Нож, острый и длинный, лежал в полушаге от хозяйки, приводя мэйта в замешательство. Как Готтилф мог спокойно спать все эти годы, зная, что похищенная им бездарка в любой момент может перерезать ему глотку? Все-таки маг был безумен. Неужели пленница ни разу не попыталась освободиться или убить похитителя, тем более что он сам предоставил ей средство для побега? Пока все выглядело именно так. Хотя, возможно, некоторые шрамы на теле Готтилфа были оставлены этим самым ножом, этой самой грубой, холодной и худой рукой.
– Я присяду? – спросил Габриэль.
Хозяйка не ответила, лишь молча хлопнула глазами – видимо, отвыкнув за годы лютого плена от человеческого обращения. Мэйт счел молчание согласием и опустился на край кровати. Пленница была обездвижена. Появлением гостя, его помощью, его вежливостью. И она все еще боялась. Страх, идущий от нее, ничуть не уменьшился, несмотря на все старания мэйта. Красные от слез глаза ловили каждое движение Габриэля.
Молчание затягивалось. Пленница опасалась узнать причину неожиданного визита, понял мэйт. Поэтому начал сам, решив для начала представиться.
– Габриэль, – назвался он, ожидая, что хозяйка тоже назовет свое имя.
Но она не называла, продолжая настороженно, не без страха изучать странного гостя, который зачем-то ей помог. Габриэль даже подумал, что из-за тягот плена она забыла свое имя.
– А тебя как зовут? – Мэйт решил подтолкнуть ее к ответу.
– Ло-ло, – начала заикаться она, произнося собственное имя. – Лоис.
Лоис… Имя завертелось, закрутилось в голове Габриэля, вороша мысли, воспоминания.
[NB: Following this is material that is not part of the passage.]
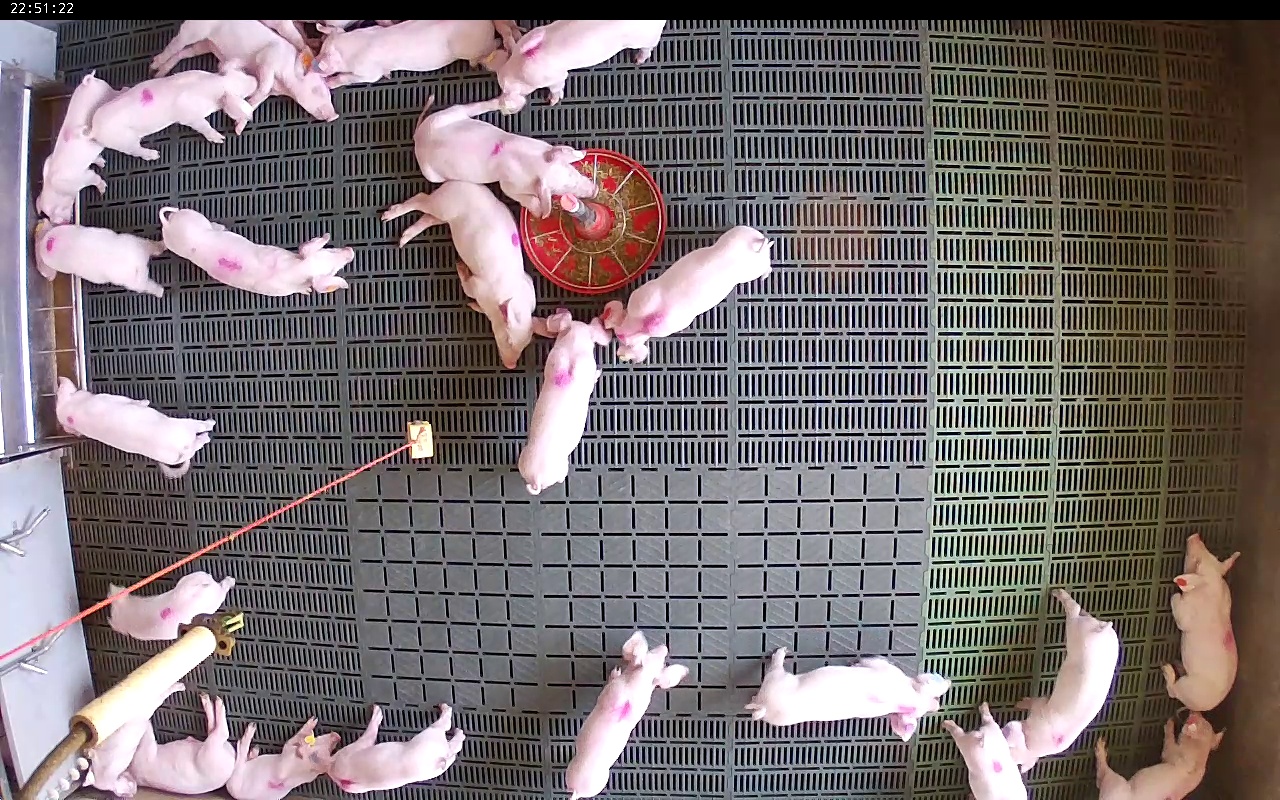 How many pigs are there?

23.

Поднимая из глубин памяти на поверхность страшные и, как оказалось, совершенно правдивые рассказы Итана о Погорельце, о похищенной несколько лет назад матери, которую звали… Лоис.
Мэйсе! В это трудно поверить. Хотя… Она из села, как и сын охотника. У нее светлые волосы, как у мальчишки, и такие же веснушки на носу. Почему бы нет?
– Лоис. Возможно, вопрос покажется тебе странным, – на всякий случай предупредил Габриэль хозяйку. – Но скажи мне: у тебя есть сын?
– Да, – внезапно оживилась Лоис, словно сбросив с себя тяжкий груз, тяготивший ее все это время. Делавший ее страшной, похожей на мертвеца. – Итан. Сейчас ему десять лет, – сказала она, потом со вздохом вздрогнула. Габриэлю показалось, что она вот-вот лишится чувств. – Что с ним? С моим мальчиком?
– Не волнуйся. Думаю, он уже добрался до села.
Страх сменился волнением. Лоис двинулась к кровати, села рядом с Габриэлем, взяла его ладонь в свои и попытался ее поцеловать. Мэйт выдернул руку и ошарашенно спросил:
– Что ты делаешь?!
– Расскажи мне о нем? Прошу тебя!
– Если обещаешь больше не целовать мне руки, – улыбнулся мэйт.
Лоис быстро и коротко закивала, положив правую ладонь на колено и придавив ее левой ладонью. Глаза женщины сияли ярче волшебного фонаря и смотрели на Габриэля, как на божество. Радость, давно забытое чувство, опутанное страданием и унижением, нашла выход, меняя, оживляя Лоис лучше всякого волшебства.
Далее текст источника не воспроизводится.